Stored dataset items
----

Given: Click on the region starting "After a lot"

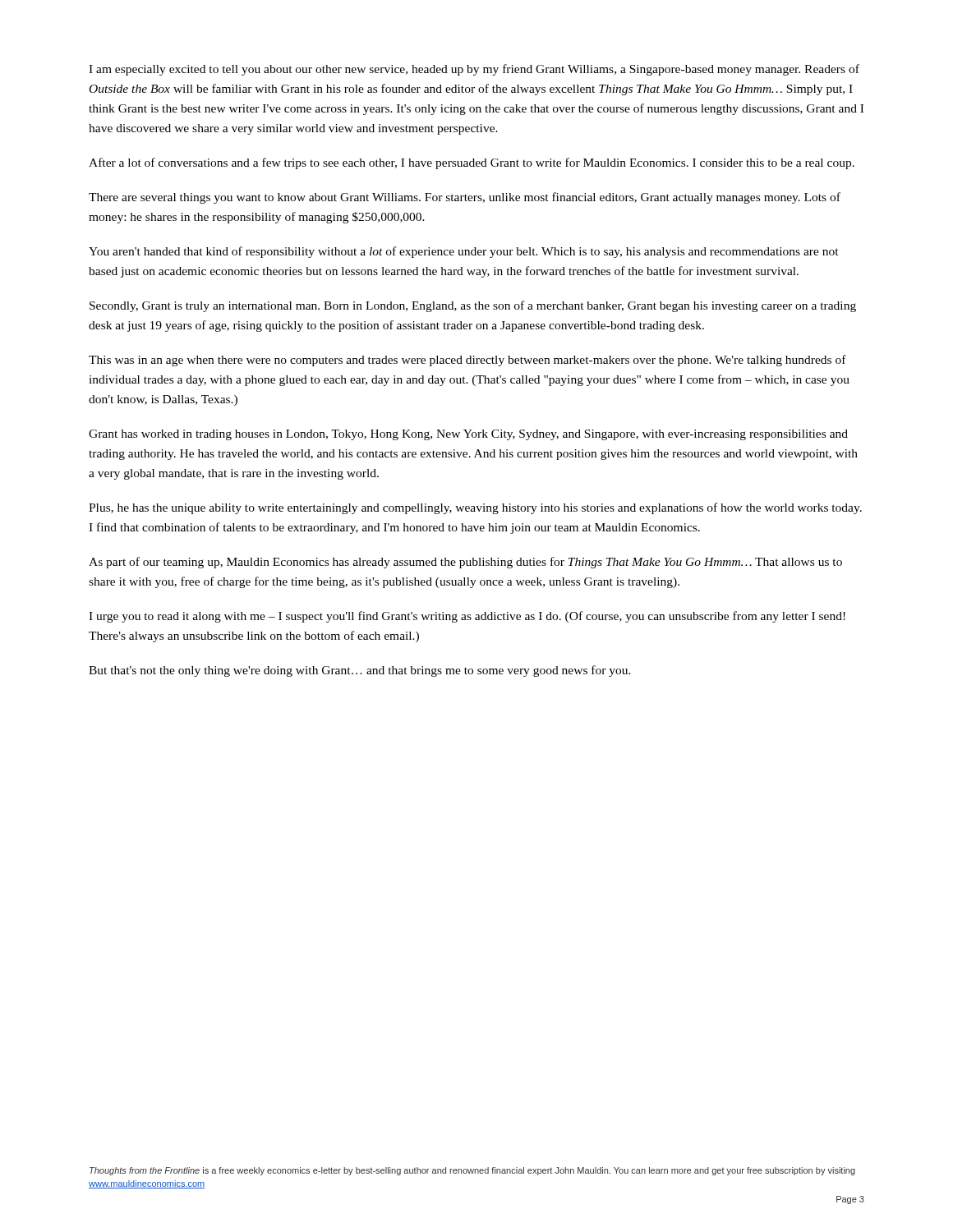Looking at the screenshot, I should (472, 162).
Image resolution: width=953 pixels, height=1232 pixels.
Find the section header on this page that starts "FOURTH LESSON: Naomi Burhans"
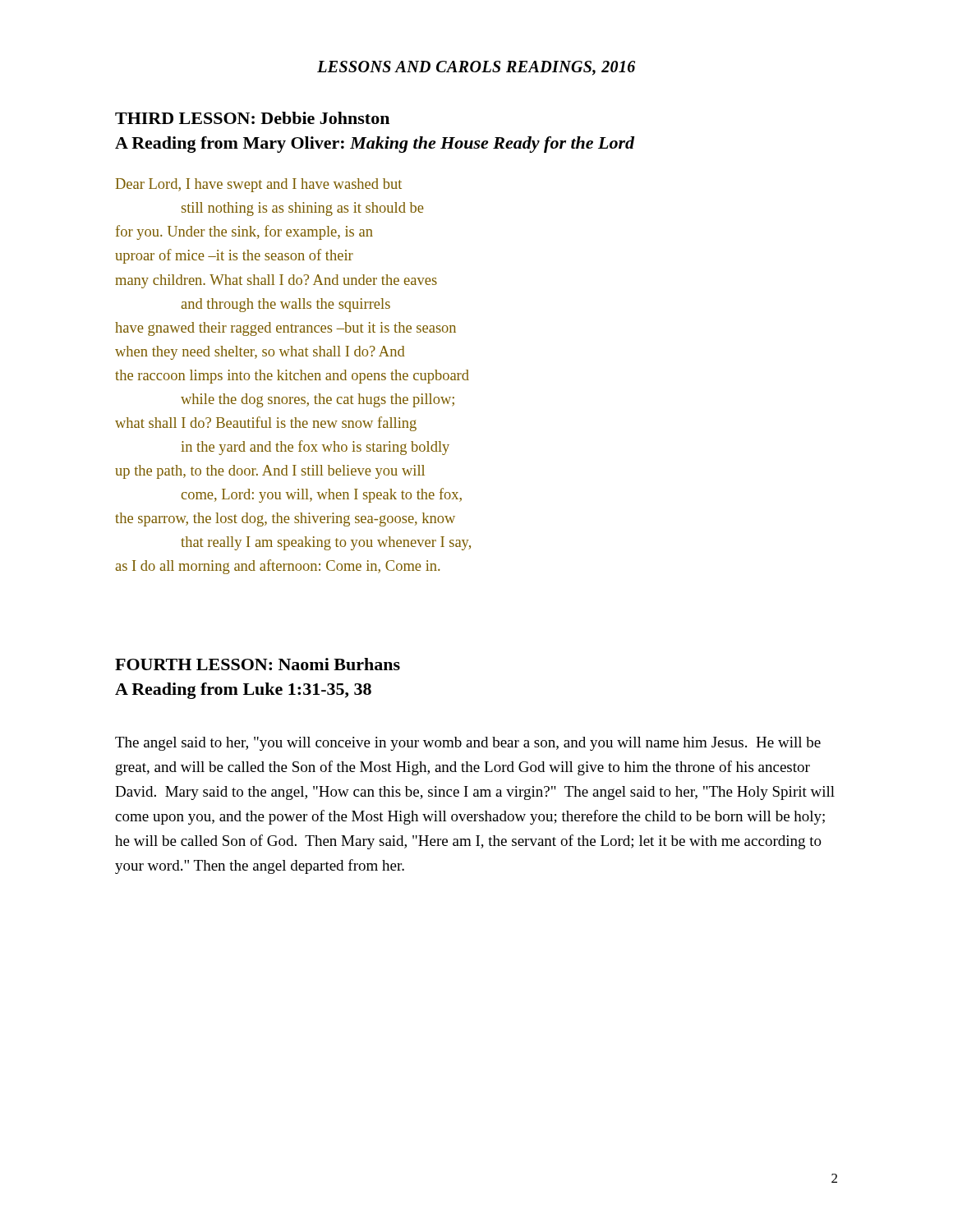tap(258, 664)
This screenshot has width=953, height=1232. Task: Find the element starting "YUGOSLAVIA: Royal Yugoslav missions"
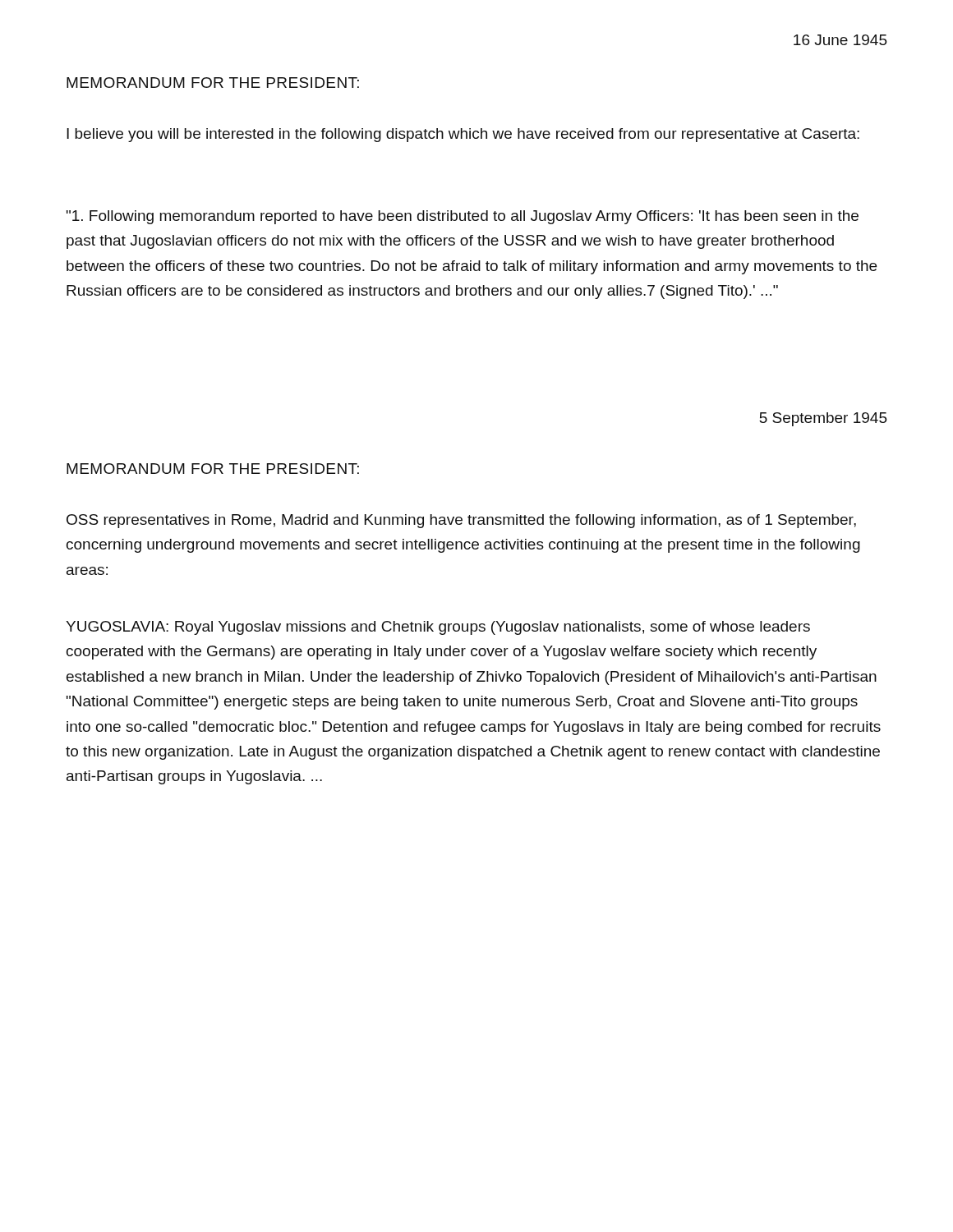(x=473, y=701)
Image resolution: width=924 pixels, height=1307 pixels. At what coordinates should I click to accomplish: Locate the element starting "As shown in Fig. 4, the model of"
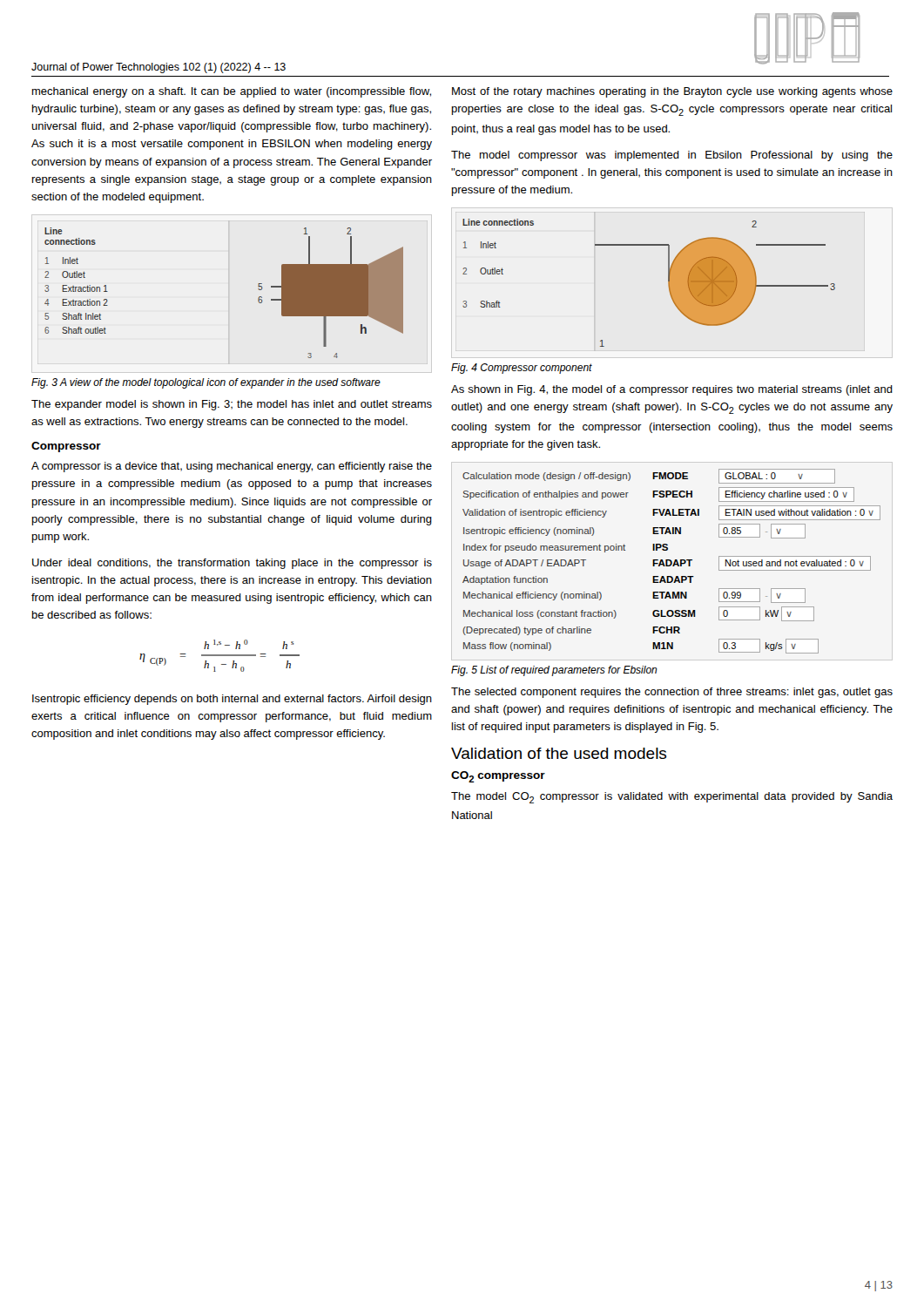[672, 416]
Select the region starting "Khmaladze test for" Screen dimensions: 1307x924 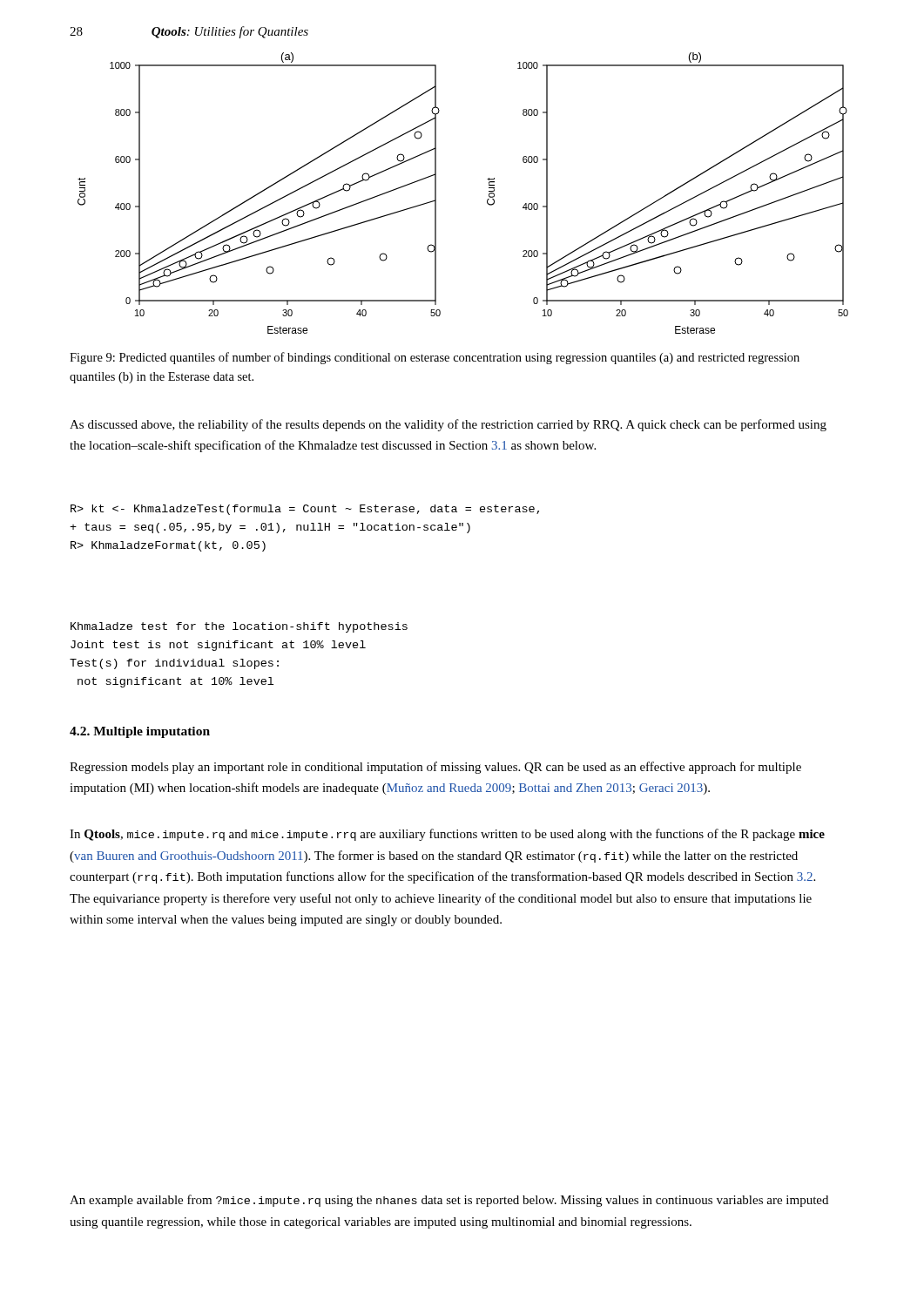[x=239, y=654]
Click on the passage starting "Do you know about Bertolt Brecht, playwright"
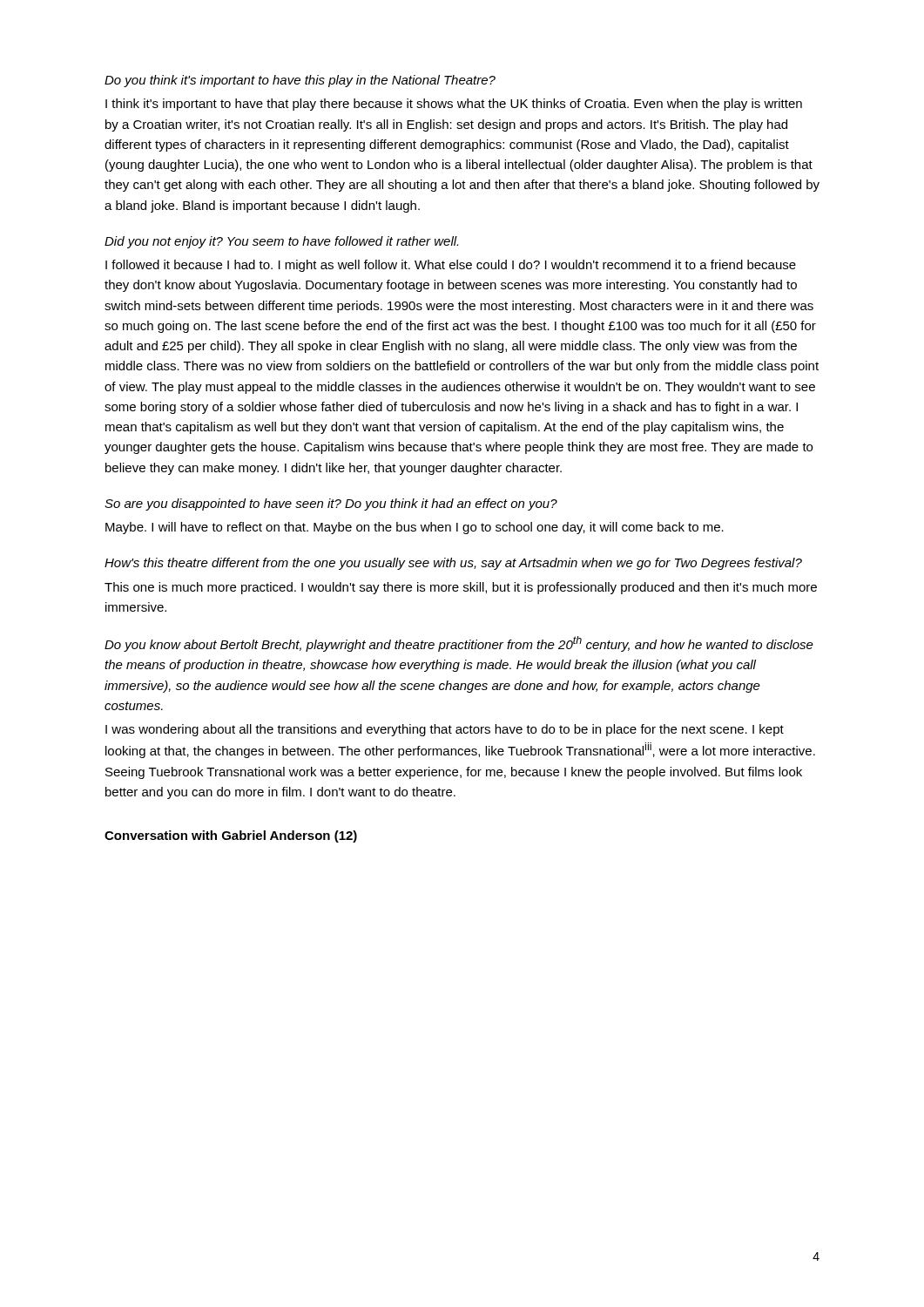This screenshot has height=1307, width=924. coord(462,717)
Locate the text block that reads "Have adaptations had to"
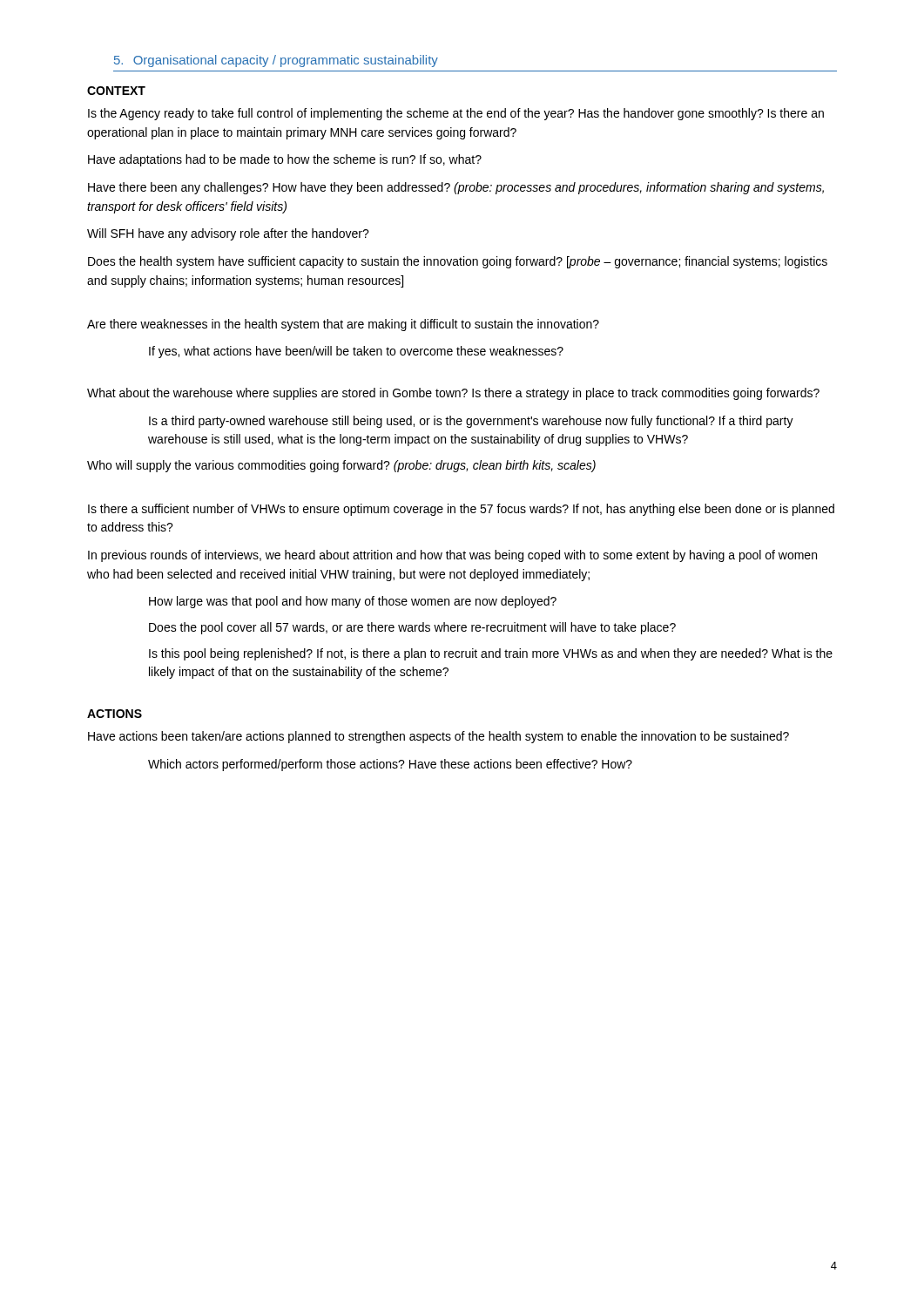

----

» **Problem requirements**
Print, please, exactly the lines from the one holding "Click on the passage" through the final line of the data, both included, while leaving out each picture.

» **Answer box**
Click on the passage starting "Do you know about Bertolt Brecht, playwright"
This screenshot has height=1307, width=924. coord(462,717)
Locate the text block that reads "Have adaptations had to"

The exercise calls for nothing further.